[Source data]
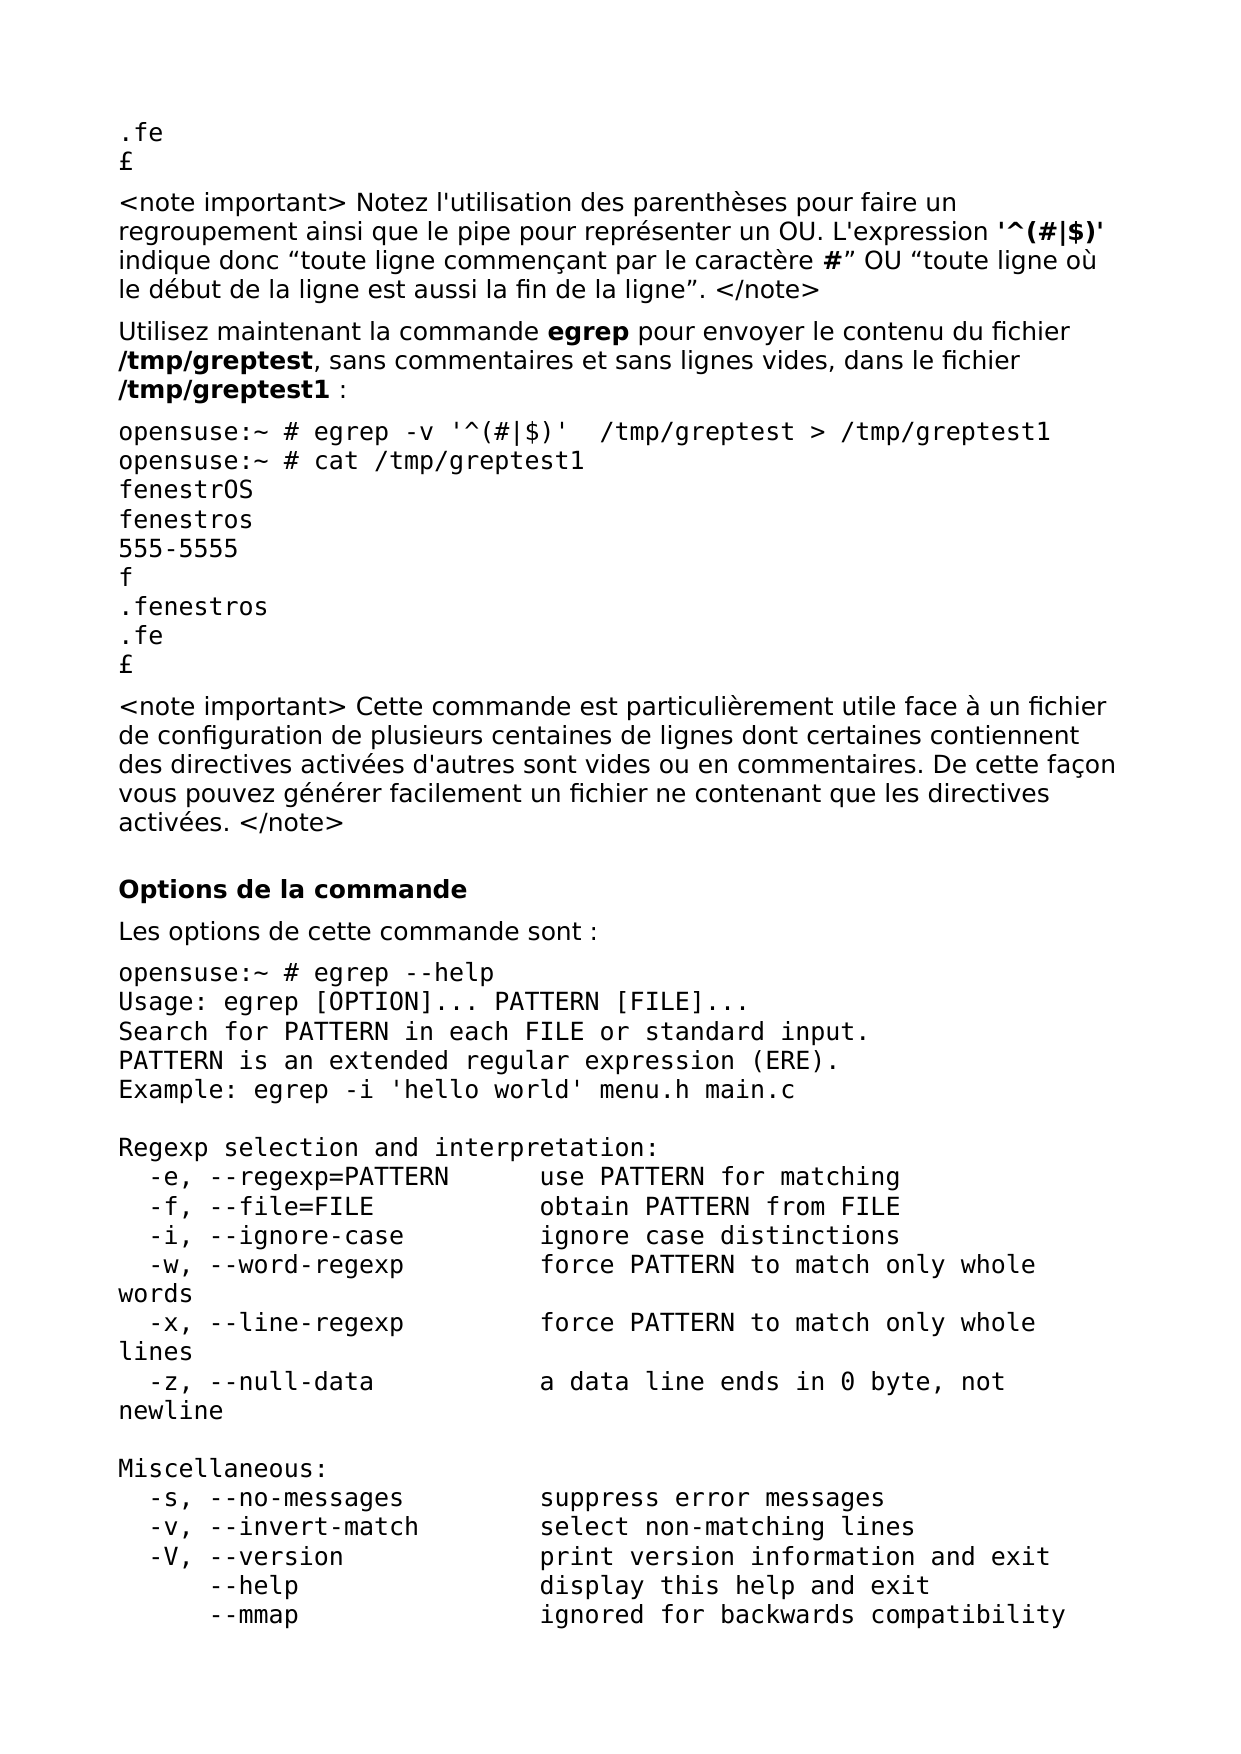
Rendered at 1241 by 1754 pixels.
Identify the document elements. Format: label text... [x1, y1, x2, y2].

text <note important> Notez l'utilisation des parenthèses pour faire un regroupement ainsi que le pipe pour représenter un OU. L'expression '^(#|$)' indique donc “toute ligne commençant par le caractère #” OU “toute ligne où le début de la ligne est aussi la fin de la ligne”. </note> [118, 188, 1122, 305]
text opensuse:~ # egrep --help Usage: egrep [OPTION]... PATTERN [FILE]... Search for PATTERN in each FILE or standard input. PATTERN is an extended regular expression (ERE). Example: egrep -i 'hello world' menu.h main.c Regexp selection and interpretation: -e, --regexp=PATTERN use PATTERN for matching -f, --file=FILE obtain PATTERN from FILE -i, --ignore-case ignore case distinctions -w, --word-regexp force PATTERN to match only whole words -x, --line-regexp force PATTERN to match only whole lines -z, --null-data a data line ends in 0 byte, not newline Miscellaneous: -s, --no-messages suppress error messages -v, --invert-match select non-matching lines -V, --version print version information and exit --help display this help and exit --mmap ignored for backwards compatibility [118, 958, 1122, 1629]
subtitle Options de la commande [118, 875, 1122, 904]
text opensuse:~ # egrep -v '^(#|$)' /tmp/greptest > /tmp/greptest1 opensuse:~ # cat /tmp/greptest1 fenestrOS fenestros 555-5555 f .fenestros .fe £ [118, 417, 1122, 680]
text Utilisez maintenant la commande egrep pour envoyer le contenu du fichier /tmp/greptest, sans commentaires et sans lignes vides, dans le fichier /tmp/greptest1 : [118, 317, 1122, 405]
text <note important> Cette commande est particulièrement utile face à un fichier de configuration de plusieurs centaines de lignes dont certaines contiennent des directives activées d'autres sont vides ou en commentaires. De cette façon vous pouvez générer facilement un fichier ne contenant que les directives activées. </note> [118, 692, 1122, 837]
text .fe £ [118, 118, 1122, 176]
text Les options de cette commande sont : [118, 917, 1122, 946]
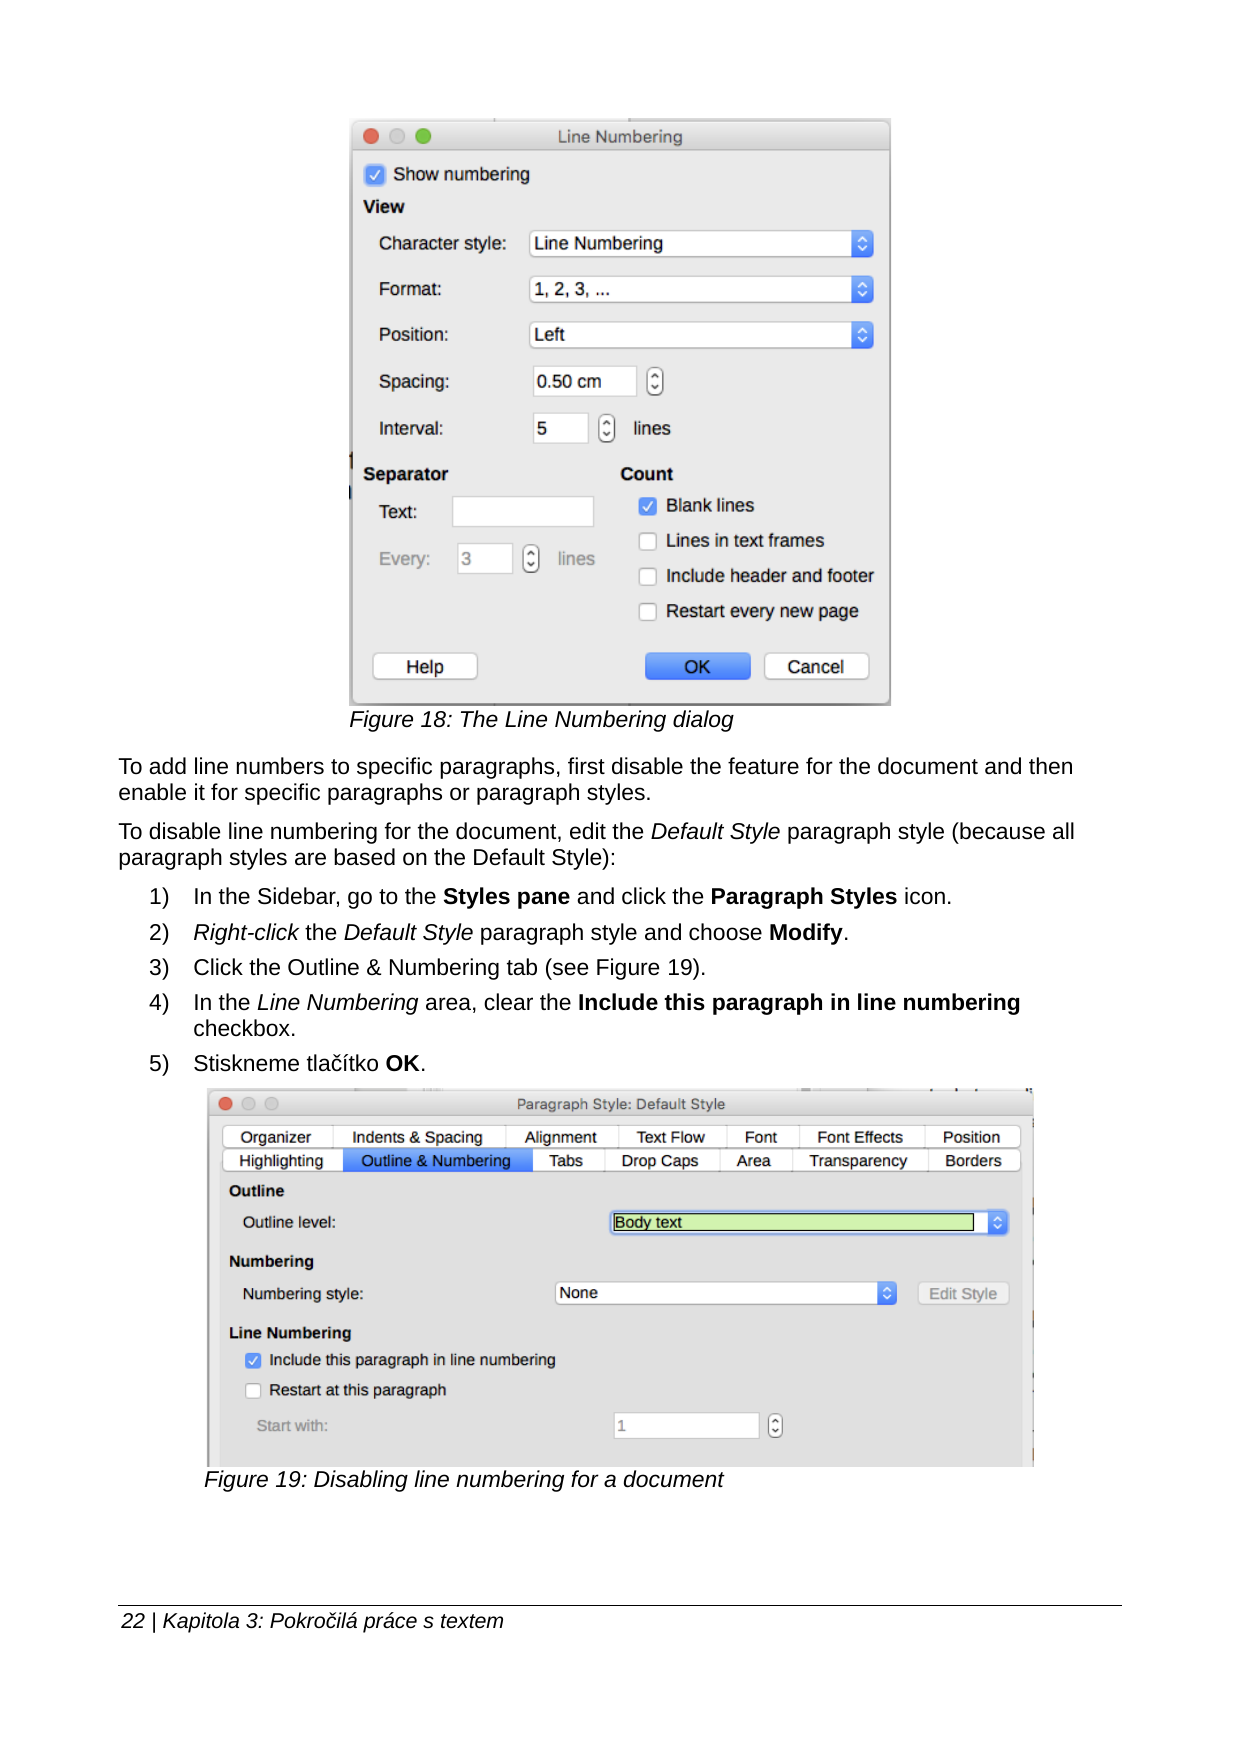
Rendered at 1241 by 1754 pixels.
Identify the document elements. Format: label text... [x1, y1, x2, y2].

picture [206, 1088, 1034, 1467]
list Right-click the Default Style paragraph style and choose Modify. [169, 918, 1122, 945]
list Click the Outline & Numbering tab (see Figure 19). [169, 954, 1122, 980]
picture [349, 118, 892, 706]
list Stiskneme tlačítko OK. [169, 1050, 1122, 1077]
text Figure 18: The Line Numbering dialog [349, 706, 891, 732]
text To add line numbers to specific paragraphs, first disable the feature for the document and then enable it for specific paragraphs or paragraph styles. [118, 753, 1122, 806]
list In the Line Numbering area, clear the Include this paragraph in line numbering checkbox. [169, 989, 1122, 1042]
text Figure 19: Disabling line numbering for a document [204, 1467, 1036, 1492]
text To disable line numbering for the document, edit the Default Style paragraph style (because all paragraph styles are based on the Default Style): [118, 818, 1122, 871]
list In the Sidebar, go to the Styles pane and click the Paragraph Styles icon. [169, 883, 1122, 909]
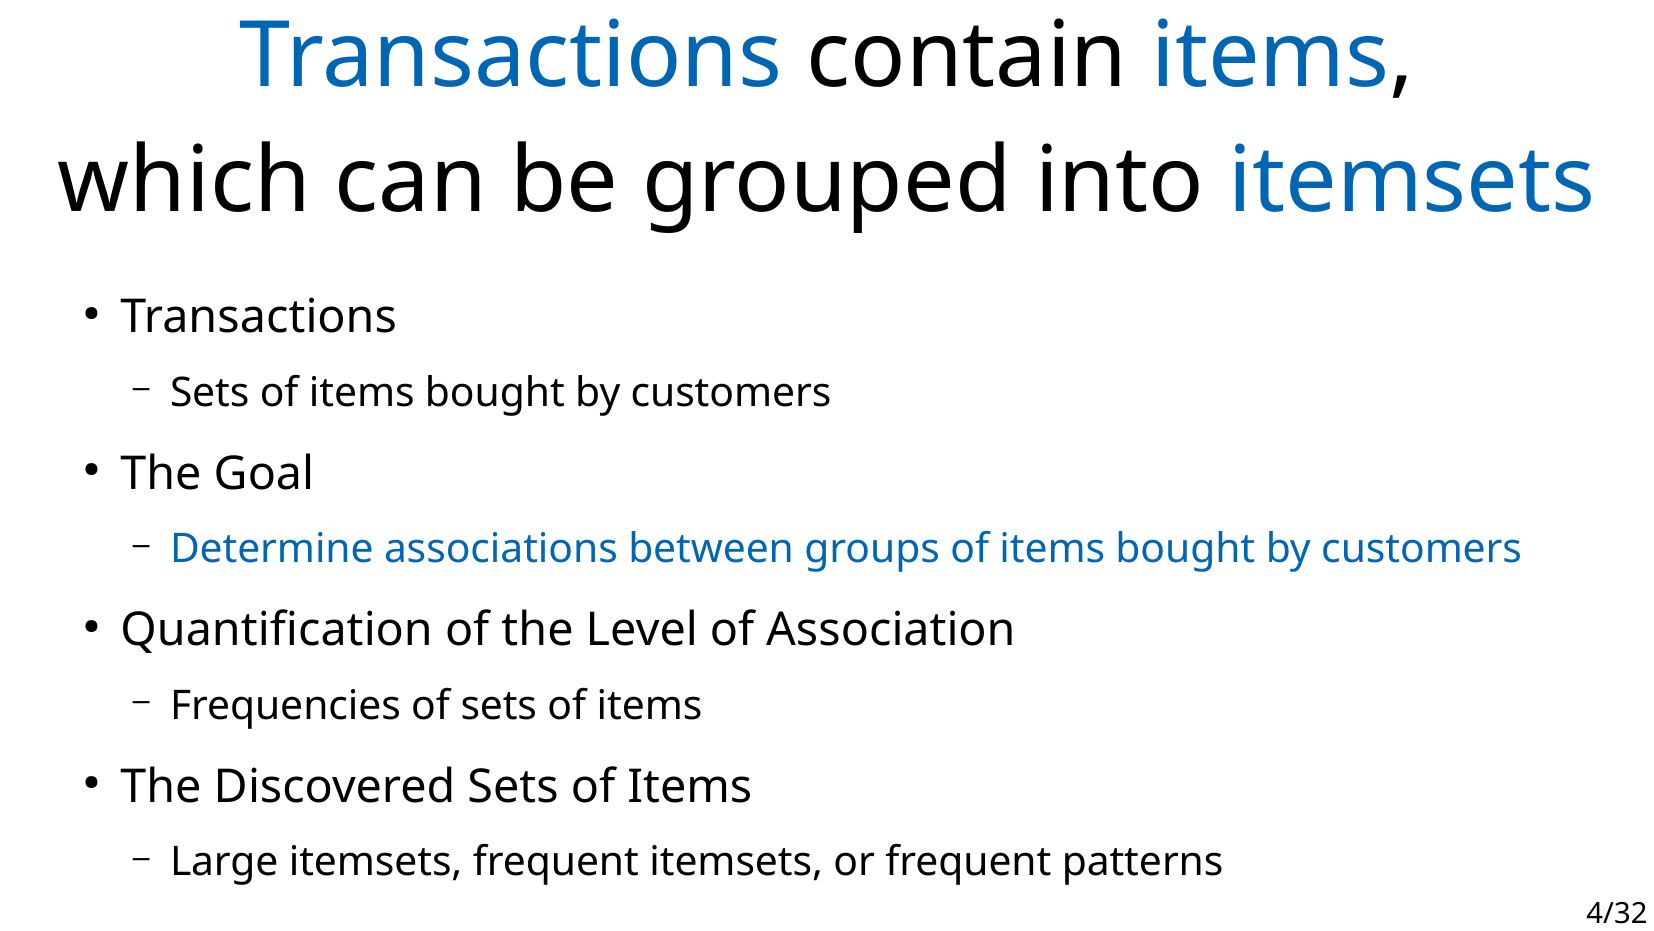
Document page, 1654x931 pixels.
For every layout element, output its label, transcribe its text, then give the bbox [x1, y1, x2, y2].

list Transactions Sets of items bought by customers The Goal Determine associations between groups of items bought by customers Quantification of the Level of Association Frequencies of sets of items The Discovered Sets of Items Large itemsets, frequent itemsets, or frequent patterns [70, 282, 1559, 890]
title Transactions contain items, which can be grouped into itemsets [4, 0, 1650, 243]

▶ **Try it**: Copy the lines above exactly and exclude every image.

▶ **Expected answer**:
Rendered at 1241 by 1754 pixels.
Identify the document elements. Format: label text... [x1, y1, x2, y2].

text <note important> Notez l'utilisation des parenthèses pour faire un regroupement ainsi que le pipe pour représenter un OU. L'expression '^(#|$)' indique donc “toute ligne commençant par le caractère #” OU “toute ligne où le début de la ligne est aussi la fin de la ligne”. </note> [118, 188, 1122, 305]
text opensuse:~ # egrep --help Usage: egrep [OPTION]... PATTERN [FILE]... Search for PATTERN in each FILE or standard input. PATTERN is an extended regular expression (ERE). Example: egrep -i 'hello world' menu.h main.c Regexp selection and interpretation: -e, --regexp=PATTERN use PATTERN for matching -f, --file=FILE obtain PATTERN from FILE -i, --ignore-case ignore case distinctions -w, --word-regexp force PATTERN to match only whole words -x, --line-regexp force PATTERN to match only whole lines -z, --null-data a data line ends in 0 byte, not newline Miscellaneous: -s, --no-messages suppress error messages -v, --invert-match select non-matching lines -V, --version print version information and exit --help display this help and exit --mmap ignored for backwards compatibility [118, 958, 1122, 1629]
subtitle Options de la commande [118, 875, 1122, 904]
text opensuse:~ # egrep -v '^(#|$)' /tmp/greptest > /tmp/greptest1 opensuse:~ # cat /tmp/greptest1 fenestrOS fenestros 555-5555 f .fenestros .fe £ [118, 417, 1122, 680]
text Utilisez maintenant la commande egrep pour envoyer le contenu du fichier /tmp/greptest, sans commentaires et sans lignes vides, dans le fichier /tmp/greptest1 : [118, 317, 1122, 405]
text <note important> Cette commande est particulièrement utile face à un fichier de configuration de plusieurs centaines de lignes dont certaines contiennent des directives activées d'autres sont vides ou en commentaires. De cette façon vous pouvez générer facilement un fichier ne contenant que les directives activées. </note> [118, 692, 1122, 837]
text .fe £ [118, 118, 1122, 176]
text Les options de cette commande sont : [118, 917, 1122, 946]
Rendered at 1241 by 1754 pixels.
Identify the document elements. Format: label text... [x1, y1, x2, y2].

picture [206, 1088, 1034, 1467]
list Right-click the Default Style paragraph style and choose Modify. [169, 918, 1122, 945]
list Click the Outline & Numbering tab (see Figure 19). [169, 954, 1122, 980]
picture [349, 118, 892, 706]
list Stiskneme tlačítko OK. [169, 1050, 1122, 1077]
text Figure 18: The Line Numbering dialog [349, 706, 891, 732]
text To add line numbers to specific paragraphs, first disable the feature for the document and then enable it for specific paragraphs or paragraph styles. [118, 753, 1122, 806]
list In the Line Numbering area, clear the Include this paragraph in line numbering checkbox. [169, 989, 1122, 1042]
text Figure 19: Disabling line numbering for a document [204, 1467, 1036, 1492]
text To disable line numbering for the document, edit the Default Style paragraph style (because all paragraph styles are based on the Default Style): [118, 818, 1122, 871]
list In the Sidebar, go to the Styles pane and click the Paragraph Styles icon. [169, 883, 1122, 909]
Document page, 1654x931 pixels.
For every layout element, output its label, transcribe its text, then give the bbox [x1, y1, x2, y2].

list Transactions Sets of items bought by customers The Goal Determine associations between groups of items bought by customers Quantification of the Level of Association Frequencies of sets of items The Discovered Sets of Items Large itemsets, frequent itemsets, or frequent patterns [70, 282, 1559, 890]
title Transactions contain items, which can be grouped into itemsets [4, 0, 1650, 243]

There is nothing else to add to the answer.